The Federal Government has opened negotiations with power generation companies (Gencos) in a bid to address the N4 trillion debt crippling the country’s electricity sector.
According to a statement by Bolaji Tunji, Special Adviser on Strategic Communications and Media Relations to the Minister of Power, Chief Adebayo Adelabu, the talks aim to develop a phased payment plan that will stabilise the sector and avert a total collapse of the national power infrastructure.
The meeting, held in Abuja, brought together the Minister and the Chairmen of various Gencos, amid growing concerns over the sustainability of power generation in the country.
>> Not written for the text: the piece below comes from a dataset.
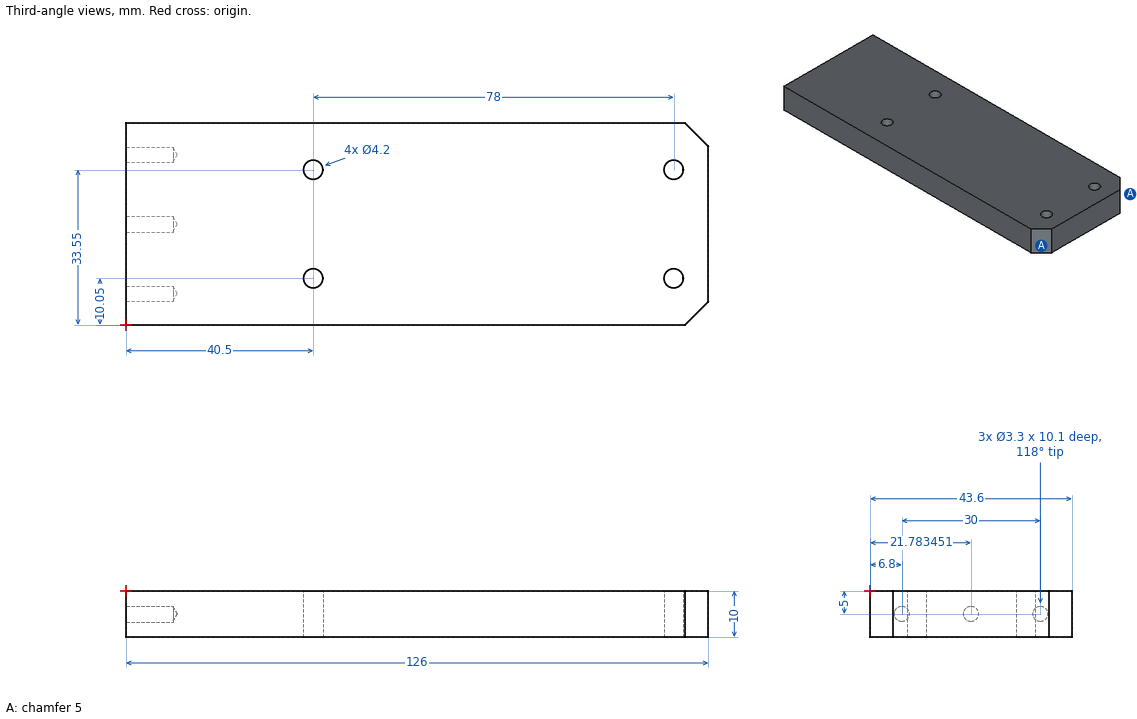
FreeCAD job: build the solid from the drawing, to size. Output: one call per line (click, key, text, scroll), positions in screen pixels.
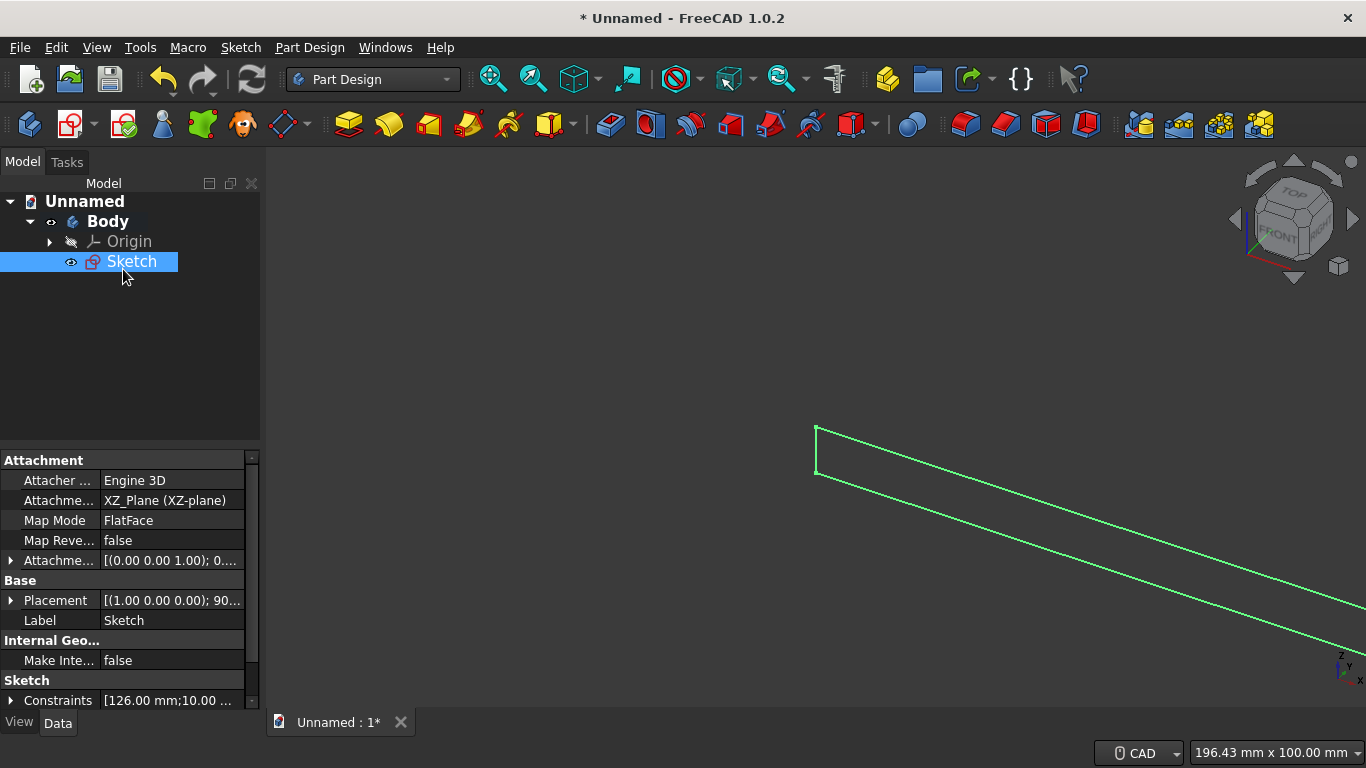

Adelabu assured the Gencos that the government would prioritise an immediate cash payment of a substantial portion of the debt, while the remainder would be cleared through financial instruments such as promissory notes. He said this proposal would be tabled in a forthcoming meeting between President Bola Tinubu and Gencos’ leadership.
“There is a need to pay a substantial amount of the debt in cash. At the minimum, let us pay a substantial amount, then ask for a debt instrument in promissory notes to pay the rest,” Adelabu said.
He pledged that the debt would be fully settled within six months and reaffirmed the government’s commitment to reforms that would ease operational challenges in the sector.
Adelabu also called for a full liberalisation of the power sector and the adoption of cost-reflective tariffs, noting that targeted subsidies would remain for the most vulnerable Nigerians. “Our economy cannot sustain blanket subsidies indefinitely,” he said, urging for public awareness campaigns to boost compliance and understanding.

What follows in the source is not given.